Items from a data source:
----

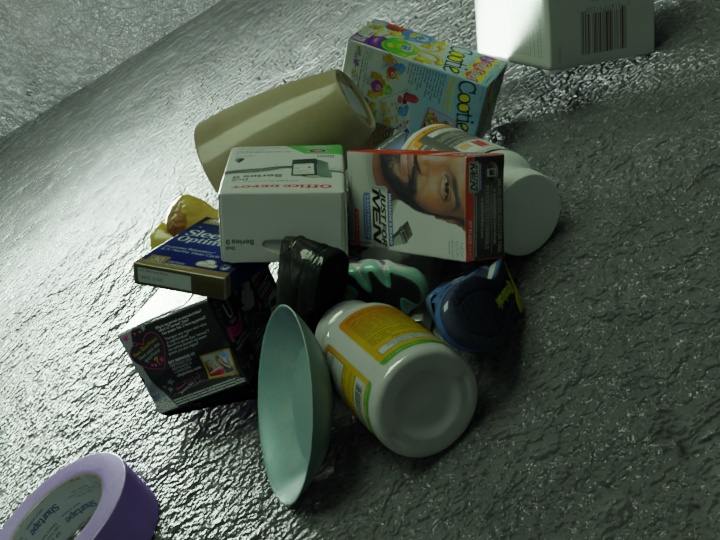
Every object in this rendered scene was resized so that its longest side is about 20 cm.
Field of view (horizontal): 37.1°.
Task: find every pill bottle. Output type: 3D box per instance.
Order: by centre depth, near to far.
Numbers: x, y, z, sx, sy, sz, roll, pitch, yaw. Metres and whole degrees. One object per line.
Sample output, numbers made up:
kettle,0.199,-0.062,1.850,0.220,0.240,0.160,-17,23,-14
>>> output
pill bottle,0.025,0.097,1.080,0.111,0.111,0.200,-39,27,-8
pill bottle,0.133,-0.094,1.249,0.116,0.117,0.200,-41,35,-11

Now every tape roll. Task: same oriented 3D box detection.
tape roll,-0.327,0.303,1.216,0.199,0.066,0.201,-28,29,16

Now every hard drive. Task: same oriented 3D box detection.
hard drive,0.036,0.023,1.286,0.131,0.026,0.201,-22,29,26

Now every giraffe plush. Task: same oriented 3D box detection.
giraffe plush,-0.193,0.011,1.473,0.198,0.174,0.163,-1,40,-5

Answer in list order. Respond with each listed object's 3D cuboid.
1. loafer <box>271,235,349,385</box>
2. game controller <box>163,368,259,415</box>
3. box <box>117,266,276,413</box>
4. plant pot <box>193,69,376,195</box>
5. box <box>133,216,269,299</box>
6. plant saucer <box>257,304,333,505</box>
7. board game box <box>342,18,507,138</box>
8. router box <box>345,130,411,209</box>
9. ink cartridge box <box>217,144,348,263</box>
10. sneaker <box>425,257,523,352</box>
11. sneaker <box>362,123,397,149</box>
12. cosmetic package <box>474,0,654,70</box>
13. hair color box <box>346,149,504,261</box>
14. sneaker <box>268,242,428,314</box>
loafer,-0.066,0.054,1.190,0.072,0.202,0.073,29,28,30
game controller,-0.168,0.132,1.346,0.199,0.042,0.104,-15,19,35
box,-0.185,0.063,1.304,0.131,0.115,0.200,-20,15,18
plant pot,-0.085,-0.171,1.423,0.199,0.188,0.188,-31,26,18
box,-0.165,-0.024,1.277,0.120,0.033,0.200,9,23,20
plant saucer,-0.063,0.136,1.098,0.038,0.203,0.201,1,17,-21
board game box,0.083,-0.252,1.457,0.198,0.106,0.103,22,34,13
router box,0.022,-0.101,1.461,0.199,0.062,0.150,-36,25,0
ink cartridge box,-0.087,-0.082,1.264,0.144,0.085,0.200,-2,21,-2
sneaker,0.104,0.043,1.068,0.082,0.075,0.200,-21,0,22
sneaker,0.029,-0.218,1.664,0.200,0.073,0.085,-49,-5,-9
cosmetic package,0.267,-0.371,1.438,0.166,0.168,0.200,-14,21,-19
hair color box,0.068,-0.076,1.184,0.064,0.112,0.199,-8,11,-39
sneaker,0.000,0.000,1.253,0.198,0.078,0.140,-6,27,27
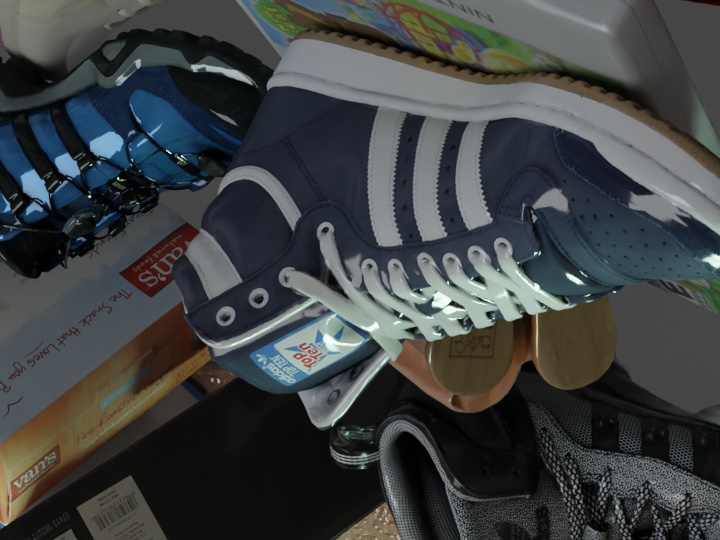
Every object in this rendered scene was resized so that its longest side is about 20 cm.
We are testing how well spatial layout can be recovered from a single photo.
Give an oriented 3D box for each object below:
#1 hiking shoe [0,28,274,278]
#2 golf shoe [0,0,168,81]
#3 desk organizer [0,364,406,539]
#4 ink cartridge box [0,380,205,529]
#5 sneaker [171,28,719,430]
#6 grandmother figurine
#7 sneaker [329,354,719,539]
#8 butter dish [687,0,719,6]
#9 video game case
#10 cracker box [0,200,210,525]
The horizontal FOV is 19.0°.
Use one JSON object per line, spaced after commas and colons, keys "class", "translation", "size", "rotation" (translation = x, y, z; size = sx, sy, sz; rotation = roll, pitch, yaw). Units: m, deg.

----

What you need to do = Please print all the entries exactly as written, but drop the pictures.

Response to this exercise =
Every object in this rendered scene was resized so that its longest side is about 20 cm.
Field of view (horizontal): 37.1°.
Task: find every pill bottle. Output type: 3D box per instance.
Order: by centre depth, near to far.
Numbers: x, y, z, sx, sy, sz, roll, pitch, yaw. Metres and whole degrees. One object per line.
Sample output, numbers made up:
kettle,0.199,-0.062,1.850,0.220,0.240,0.160,-17,23,-14
>>> output
pill bottle,0.025,0.097,1.080,0.111,0.111,0.200,-39,27,-8
pill bottle,0.133,-0.094,1.249,0.116,0.117,0.200,-41,35,-11

Now every tape roll. Task: same oriented 3D box detection.
tape roll,-0.327,0.303,1.216,0.199,0.066,0.201,-28,29,16

Now every hard drive. Task: same oriented 3D box detection.
hard drive,0.036,0.023,1.286,0.131,0.026,0.201,-22,29,26

Now every giraffe plush. Task: same oriented 3D box detection.
giraffe plush,-0.193,0.011,1.473,0.198,0.174,0.163,-1,40,-5

Answer in list order. Respond with each listed object's 3D cuboid.
1. loafer <box>271,235,349,385</box>
2. game controller <box>163,368,259,415</box>
3. box <box>117,266,276,413</box>
4. plant pot <box>193,69,376,195</box>
5. box <box>133,216,269,299</box>
6. plant saucer <box>257,304,333,505</box>
7. board game box <box>342,18,507,138</box>
8. router box <box>345,130,411,209</box>
9. ink cartridge box <box>217,144,348,263</box>
10. sneaker <box>425,257,523,352</box>
11. sneaker <box>362,123,397,149</box>
12. cosmetic package <box>474,0,654,70</box>
13. hair color box <box>346,149,504,261</box>
14. sneaker <box>268,242,428,314</box>
loafer,-0.066,0.054,1.190,0.072,0.202,0.073,29,28,30
game controller,-0.168,0.132,1.346,0.199,0.042,0.104,-15,19,35
box,-0.185,0.063,1.304,0.131,0.115,0.200,-20,15,18
plant pot,-0.085,-0.171,1.423,0.199,0.188,0.188,-31,26,18
box,-0.165,-0.024,1.277,0.120,0.033,0.200,9,23,20
plant saucer,-0.063,0.136,1.098,0.038,0.203,0.201,1,17,-21
board game box,0.083,-0.252,1.457,0.198,0.106,0.103,22,34,13
router box,0.022,-0.101,1.461,0.199,0.062,0.150,-36,25,0
ink cartridge box,-0.087,-0.082,1.264,0.144,0.085,0.200,-2,21,-2
sneaker,0.104,0.043,1.068,0.082,0.075,0.200,-21,0,22
sneaker,0.029,-0.218,1.664,0.200,0.073,0.085,-49,-5,-9
cosmetic package,0.267,-0.371,1.438,0.166,0.168,0.200,-14,21,-19
hair color box,0.068,-0.076,1.184,0.064,0.112,0.199,-8,11,-39
sneaker,0.000,0.000,1.253,0.198,0.078,0.140,-6,27,27
Every object in this rendered scene was resized so that its longest side is about 20 cm.
We are testing how well spatial layout can be recovered from a single photo.
Give an oriented 3D box for each object below:
#1 hiking shoe [0,28,274,278]
#2 golf shoe [0,0,168,81]
#3 desk organizer [0,364,406,539]
#4 ink cartridge box [0,380,205,529]
#5 sneaker [171,28,719,430]
#6 grandmother figurine
#7 sneaker [329,354,719,539]
#8 butter dish [687,0,719,6]
#9 video game case
#10 cracker box [0,200,210,525]
The horizontal FOV is 19.0°.
Use one JSON object per line, spaced after commas and colons, keys "class", "translation", "size", "rotation" (translation = x, y, z; size = sx, sy, sz; rotation = roll, pitch, yaw). Units: m, deg.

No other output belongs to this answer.